Title: Iconography and Christian art
Post by: Summershipp on Jun 28, 2015
Describe what an icon is and briefly how iconography affected Christian Art


Title: Re: Iconography and Christian art
Post by: psyche360 on Jun 28, 2015
An icon is generally a flat panel painting depicting Jesus Christ, Mary, saints and/or angels, which is venerated among Eastern Orthodox, Oriental Orthodox, and in certain Eastern Catholic Churches.

Icons may also be cast in metal, carved in stone, embroidered on cloth, painted on wood, done in mosaic or fresco work, printed on paper or metal, etc. Icons are often illuminated with a candle or jar of oil with a wick. (Beeswax for candles and olive oil for oil lamps are preferred because they burn very cleanly, although other materials are sometimes used.) The illumination of religious images with lamps or candles is an ancient practice pre-dating Christianity.

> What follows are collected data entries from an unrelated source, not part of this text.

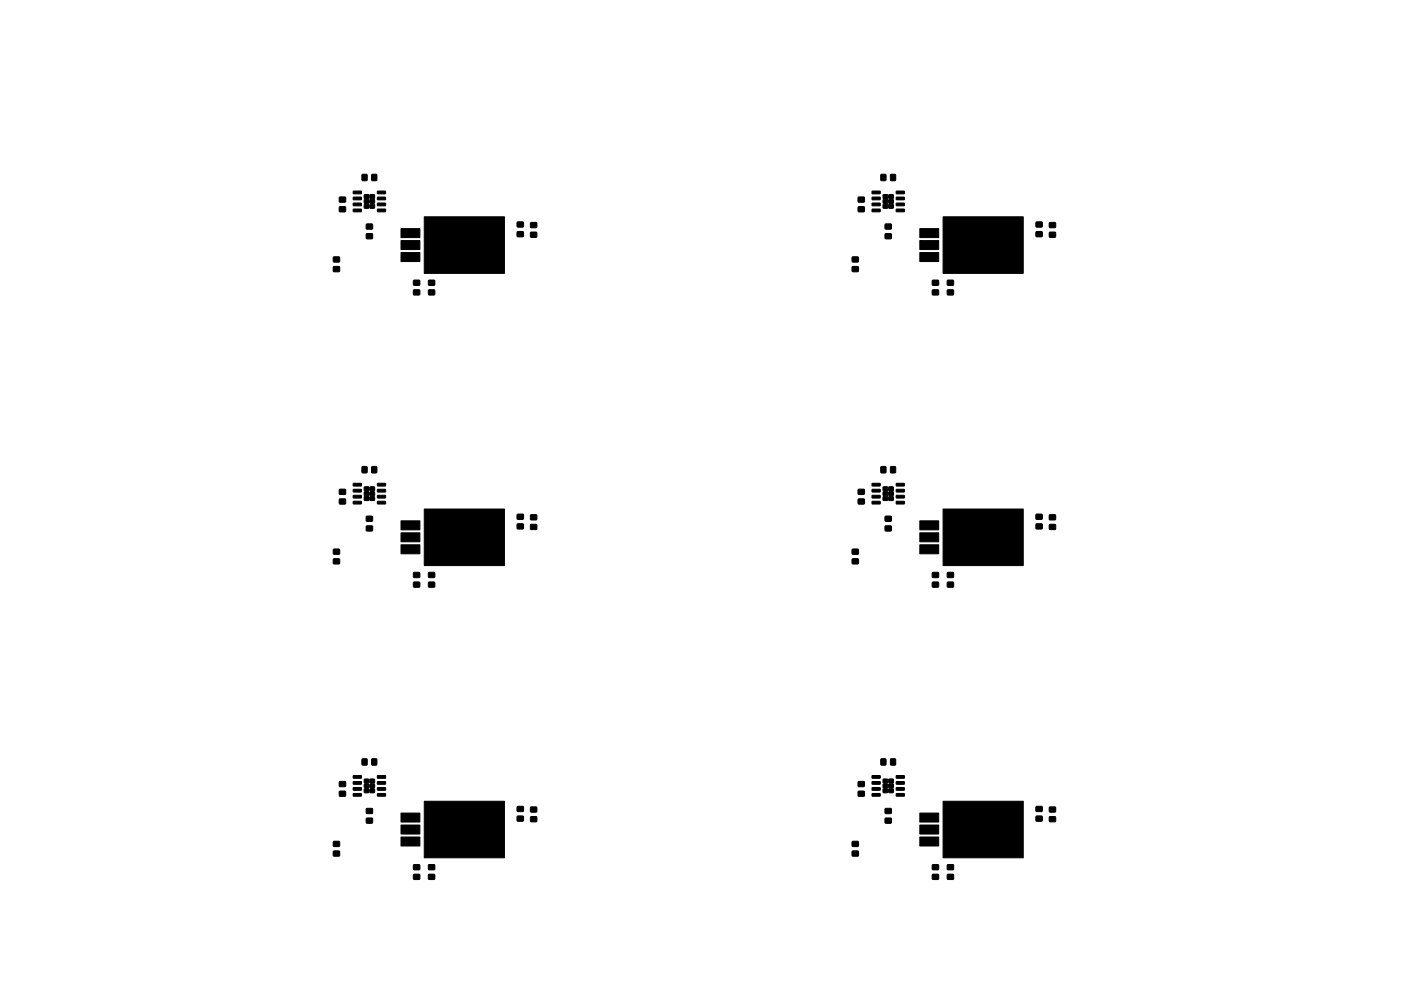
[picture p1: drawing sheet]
<svg xmlns="http://www.w3.org/2000/svg" width="297mm" height="210mm" viewBox="0 0 297 210" stroke-linecap="round" stroke-linejoin="round" font-family="sans-serif">
<g fill="#000" stroke="#000" stroke-width=".21">
<path d="M76.8 37h1v1.3h-1zM78.8 37h1.1l-.1 1.3h-1zM186.8 37h1v1.3h-1zM188.8 37h1.1l-.1 1.3h-1zM70.7 56.6h1.2l.1 1h-1.3zM70.7 54.5h1.2l.1 1-1.3 .1zM72 41.8h1.2v1l-1.2 .1zM72 43.9h1.2v1h-1.2zM74.9 44.4l1.6-.1 .1 .5-1.6 .1zM74.9 43.1h1.6l.1 .5-1.6 .1zM74.9 41.8h1.6l.1 .5-1.6 .1zM74.9 40.6l1.6-.1 .1 .5-1.6 .1z"/>
<path d="M77.3 43.4h.9v.7l-.9 .1zM77.3 42.4l.9-.1v.8h-.9zM77.3 41.3h.9v.8h-.9zM77.7 49.6h1.2l.1 1h-1.3zM77.7 47.6l1.2-.1 .1 1-1.3 .1zM78.5 43.4h.9v.7l-.9 .1zM78.5 42.4l.9-.1v.8h-.9zM78.5 41.3h.9v.8h-.9zM80 40.6l1.7-.1 .1 .5-1.7 .1zM80 41.8h1.7l.1 .5-1.7 .1zM80 43.1h1.7l.1 .5-1.7 .1zM80 44.4l1.7-.1 .1 .5-1.7 .1z"/>
<path d="M85 53.6h4v1.9h-4zM85 51h4v2h-4zM85 48.5h4v1.9h-4zM87.7 59.5h1.2l.1 1h-1.3zM90 46h17v12h-17zM90.9 59.5h1.2v1h-1.2zM109.7 47.1h1.2l.1 1-1.3 .1zM109.7 49.2h1.2l.1 1h-1.3zM112.5 47.3l1.2-.1 .1 1-1.3 .1zM112.5 49.3h1.2l.1 1h-1.3zM180.7 54.5h1.2l.1 1-1.3 .1zM180.7 56.6h1.2l.1 1h-1.3z"/>
<path d="M182 43.9h1.2v1h-1.2zM182 41.8h1.2v1l-1.2 .1zM184.9 40.6l1.6-.1 .1 .5-1.6 .1zM184.9 41.8h1.6l.1 .5-1.6 .1zM184.9 43.1h1.6l.1 .5-1.6 .1zM184.9 44.4l1.6-.1 .1 .5-1.6 .1zM187.3 41.3h.9v.8h-.9zM187.3 42.4l.9-.1v.8h-.9zM187.3 43.4h.9v.7l-.9 .1zM187.7 47.6l1.2-.1 .1 1-1.3 .1zM187.7 49.6h1.2l.1 1h-1.3zM188.5 41.3h.9v.8h-.9z"/>
<path d="M188.5 42.4l.9-.1v.8h-.9zM188.5 43.4h.9v.7l-.9 .1zM190 44.4l1.7-.1 .1 .5-1.7 .1zM190 43.1h1.7l.1 .5-1.7 .1zM190 41.8h1.7l.1 .5-1.7 .1zM190 40.6l1.7-.1 .1 .5-1.7 .1zM195 48.5h4v1.9h-4zM195 51h4v2h-4zM195 53.6h4v1.9h-4zM197.7 59.5h1.2l.1 1h-1.3zM200 46h17v12h-17zM200.9 59.5h1.2v1h-1.2z"/>
<path d="M219.7 49.2h1.2l.1 1h-1.3zM219.7 47.1h1.2l.1 1-1.3 .1zM222.5 49.3h1.2l.1 1h-1.3zM222.5 47.3l1.2-.1 .1 1-1.3 .1zM87.7 61.5h1.2l.1 1-1.3 .1zM90.9 61.5h1.2v1l-1.2 .1zM197.7 61.5h1.2l.1 1-1.3 .1zM200.9 61.5h1.2v1l-1.2 .1zM76.8 99h1v1.3h-1zM78.8 99h1.1l-.1 1.3h-1zM186.8 99h1v1.3h-1zM188.8 99h1.1l-.1 1.3h-1z"/>
<path d="M70.7 116.5h1.2l.1 1-1.3 .1zM70.7 118.6h1.2l.1 1h-1.3zM72 105.9h1.2v1h-1.2zM72 103.8h1.2v1l-1.2 .1zM74.9 102.6l1.6-.1 .1 .5-1.6 .1zM74.9 103.8h1.6l.1 .5-1.6 .1zM74.9 105.1h1.6l.1 .5-1.6 .1zM74.9 106.4l1.6-.1 .1 .5-1.6 .1zM77.3 103.3h.9v.8h-.9zM77.3 104.4l.9-.1v.8h-.9zM77.3 105.4h.9v.7l-.9 .1zM77.7 109.6l1.2-.1 .1 1-1.3 .1z"/>
<path d="M77.7 111.6h1.2l.1 1h-1.3zM78.5 103.3h.9v.8h-.9zM78.5 104.4l.9-.1v.8h-.9zM78.5 105.4h.9v.7l-.9 .1zM80 106.4l1.7-.1 .1 .5-1.7 .1zM80 105.1h1.7l.1 .5-1.7 .1zM80 103.8h1.7l.1 .5-1.7 .1zM80 102.6l1.7-.1 .1 .5-1.7 .1zM85 110.5h4v1.9h-4zM85 113h4v2h-4zM85 115.6h4v1.9h-4zM90 108h17v12h-17z"/>
<path d="M109.7 111.2h1.2l.1 1h-1.3zM109.7 109.1h1.2l.1 1-1.3 .1zM112.5 111.3h1.2l.1 1h-1.3zM112.5 109.3l1.2-.1 .1 1-1.3 .1zM180.7 116.5h1.2l.1 1-1.3 .1zM180.7 118.6h1.2l.1 1h-1.3zM182 105.9h1.2v1h-1.2zM182 103.8h1.2v1l-1.2 .1zM184.9 102.6l1.6-.1 .1 .5-1.6 .1zM184.9 103.8h1.6l.1 .5-1.6 .1zM184.9 105.1h1.6l.1 .5-1.6 .1zM184.9 106.4l1.6-.1 .1 .5-1.6 .1z"/>
<path d="M187.3 103.3h.9v.8h-.9zM187.3 104.4l.9-.1v.8h-.9zM187.3 105.4h.9v.7l-.9 .1zM187.7 109.6l1.2-.1 .1 1-1.3 .1zM187.7 111.6h1.2l.1 1h-1.3zM188.5 103.3h.9v.8h-.9zM188.5 104.4l.9-.1v.8h-.9zM188.5 105.4h.9v.7l-.9 .1zM190 106.4l1.7-.1 .1 .5-1.7 .1zM190 105.1h1.7l.1 .5-1.7 .1zM190 103.8h1.7l.1 .5-1.7 .1zM190 102.6l1.7-.1 .1 .5-1.7 .1z"/>
<path d="M195 110.5h4v1.9h-4zM195 113h4v2h-4zM195 115.6h4v1.9h-4zM200 108h17v12h-17zM219.7 111.2h1.2l.1 1h-1.3zM219.7 109.1h1.2l.1 1-1.3 .1zM222.5 111.3h1.2l.1 1h-1.3zM222.5 109.3l1.2-.1 .1 1-1.3 .1zM87.7 123.5h1.2l.1 1-1.3 .1zM87.7 121.5h1.2l.1 1h-1.3zM90.9 121.5h1.2v1h-1.2zM90.9 123.5h1.2v1l-1.2 .1z"/>
<path d="M197.7 123.5h1.2l.1 1-1.3 .1zM197.7 121.5h1.2l.1 1h-1.3zM200.9 121.5h1.2v1h-1.2zM200.9 123.5h1.2v1l-1.2 .1zM70.7 178.5h1.2l.1 1-1.3 .1zM72 167.9h1.2v1h-1.2zM72 165.8h1.2v1l-1.2 .1zM74.9 164.6l1.6-.1 .1 .5-1.6 .1zM74.9 165.8h1.6l.1 .5-1.6 .1zM74.9 167.1h1.6l.1 .5-1.6 .1zM74.9 168.4l1.6-.1 .1 .5-1.6 .1zM76.8 161h1v1.3h-1z"/>
<path d="M77.3 165.3h.9v.8h-.9zM77.3 166.4l.9-.1v.8h-.9zM77.3 167.4h.9v.7l-.9 .1zM77.7 171.6l1.2-.1 .1 1-1.3 .1zM77.7 173.6h1.2l.1 1h-1.3zM78.5 165.3h.9v.8h-.9zM78.5 166.4l.9-.1v.8h-.9zM78.5 167.4h.9v.7l-.9 .1zM78.8 161h1.1l-.1 1.3h-1zM80 168.4l1.7-.1 .1 .5-1.7 .1zM80 167.1h1.7l.1 .5-1.7 .1zM80 165.8h1.7l.1 .5-1.7 .1z"/>
<path d="M80 164.6l1.7-.1 .1 .5-1.7 .1zM85 172.5h4v1.9h-4zM85 175h4v2h-4zM85 177.6h4v1.9h-4zM90 170h17v12h-17zM109.7 173.2h1.2l.1 1h-1.3zM109.7 171.1h1.2l.1 1-1.3 .1zM112.5 173.3h1.2l.1 1h-1.3zM112.5 171.3l1.2-.1 .1 1-1.3 .1zM180.7 178.5h1.2l.1 1-1.3 .1zM182 167.9h1.2v1h-1.2zM182 165.8h1.2v1l-1.2 .1z"/>
<path d="M184.9 164.6l1.6-.1 .1 .5-1.6 .1zM184.9 165.8h1.6l.1 .5-1.6 .1zM184.9 167.1h1.6l.1 .5-1.6 .1zM184.9 168.4l1.6-.1 .1 .5-1.6 .1zM186.8 161h1v1.3h-1zM187.3 165.3h.9v.8h-.9zM187.3 166.4l.9-.1v.8h-.9zM187.3 167.4h.9v.7l-.9 .1zM187.7 171.6l1.2-.1 .1 1-1.3 .1zM187.7 173.6h1.2l.1 1h-1.3zM188.5 165.3h.9v.8h-.9zM188.5 166.4l.9-.1v.8h-.9z"/>
<path d="M188.5 167.4h.9v.7l-.9 .1zM188.8 161h1.1l-.1 1.3h-1zM190 168.4l1.7-.1 .1 .5-1.7 .1zM190 167.1h1.7l.1 .5-1.7 .1zM190 165.8h1.7l.1 .5-1.7 .1zM190 164.6l1.7-.1 .1 .5-1.7 .1zM195 172.5h4v1.9h-4zM195 175h4v2h-4zM195 177.6h4v1.9h-4zM200 170h17v12h-17zM219.7 173.2h1.2l.1 1h-1.3zM219.7 171.1h1.2l.1 1-1.3 .1z"/>
<path d="M222.5 173.3h1.2l.1 1h-1.3zM222.5 171.3l1.2-.1 .1 1-1.3 .1zM70.7 180.6h1.2l.1 1h-1.3zM87.7 185.5h1.2l.1 1-1.3 .1zM87.7 183.5h1.2l.1 1h-1.3zM90.9 183.5h1.2v1h-1.2zM90.9 185.5h1.2v1l-1.2 .1zM180.7 180.6h1.2l.1 1h-1.3zM197.7 185.5h1.2l.1 1-1.3 .1zM197.7 183.5h1.2l.1 1h-1.3zM200.9 183.5h1.2v1h-1.2zM200.9 185.5h1.2v1l-1.2 .1z"/>
</g>
</svg>

Although common in translated works from Greek or Russian, in English iconography does not mean icon painting, and "iconographer" does not mean an artist of icons, which are painted or carved, not "written", as they are in those languages.

Comparable images from Western Christianity are generally not described as "icons", although "iconic" may be used to describe a static style of devotional image.



After an early period when aniconism was strong, surviving Early Christian art began, about two centuries after Christ, with small images in the Catacombs of Rome that show orans figures, portraits of Christ and some saints, and a limited number of "abbreviated representations" of biblical episodes emphasizing deliverance. From the Constantinian period monumental art borrowed motifs from Roman Imperial imagery, classical Greek and Roman religion and popular art - the motif of Christ in Majesty owes something to both Imperial portraits and depictions of Zeus. In the Late Antique period iconography began to be standardised, and to relate more closely to Biblical texts, although many gaps in the canonical Gospel narratives were plugged with matter from the apocryphal gospels. Eventually the Church would succeed in weeding most of these out, but some remain, like the ox and ass in the Nativity of Christ.